Dalam perjalanan pulang aku mampir ke sebuah tempat penjualan properti. Sesampainya di sana Aku memarkirkan motorku dan berjalan masuk ke dalam. Aku masuk dan melihat-lihat ke sekitar. Aku menunggu respon dari mereka Tetapi setelah sekian lama aku berdiri tidak ada seorangpun yang menghampiriku. Mereka terlalu sibuk menawarkan properti-properti pada pelanggan lain. Karena cukup lumayan kesal menunggu aku akhirnya keluar dan meninggalkan tempat itu. Ya wajar saja mungkin tampilanku yang tidak meyakinkan dengan bajuku yang lusuh dan kendaraan yang begitu saja. Sepertinya mereka tidak yakin bahwa aku akan membeli salah satu properti yang mereka tawarkan.
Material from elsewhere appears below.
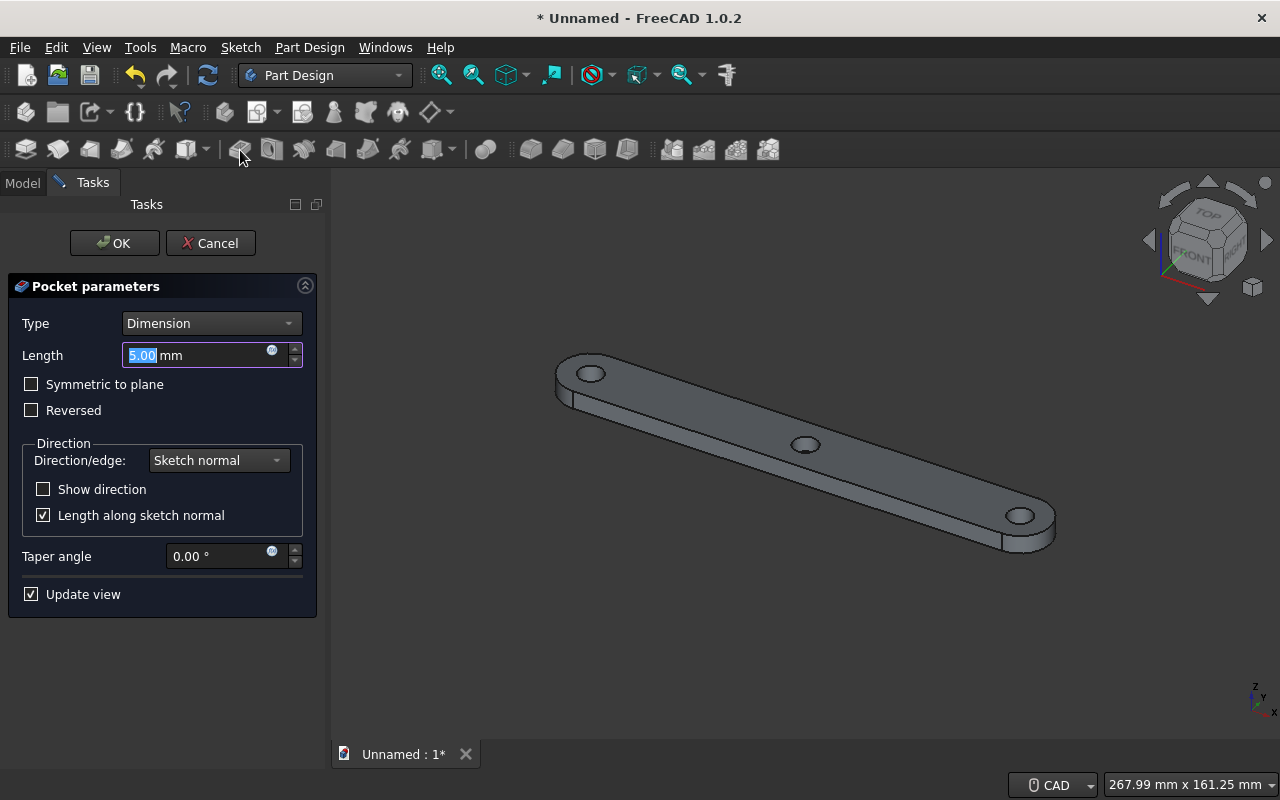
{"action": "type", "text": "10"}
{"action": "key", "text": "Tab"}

Keesokan harinya aku mencoba mendatangi tempat properti lain yang lebih kecil daripada tempat sebelumnya. Sesampainya di sana Aku disambut dengan hangat oleh salah satu dari mereka. Dengan sabar mereka menjelaskan properti-properti yang mereka jual. Aku pun dengan leluasa menceritakan tentang keinginanku untuk membeli properti tersebut tetapi dengan uang yang aku punya. Mereka menyarankanku untuk mengambil kredit dan itu bisa dibayarkan untuk setiap bulannya hanya untuk pertama kali mereka membutuhkan pembayaran dimuka. Aku pun setuju dengan tawaran tersebut.
Karena salah satu persyaratan untuk bisa mengajukan kredit adalah laporan keuangan berjalan maka aku perlu menyiapkannya terlebih dahulu. Karena keterbatasan laporan keuangan pun Terpaksa aku buat sendiri secara sederhana seperti yang sudah aku lakukan dulu saat aku bekerja 10 tahun sebelum aku kembali ke masa sekarang. Beberapa hari aku sibuk dengan urusan laporan keuangan ini. Dan akhirnya laporan yang aku buat selesai. Setelah itu aku kembali lagi ke tempat penjualan properti yang menawarkanku kredit tersebut.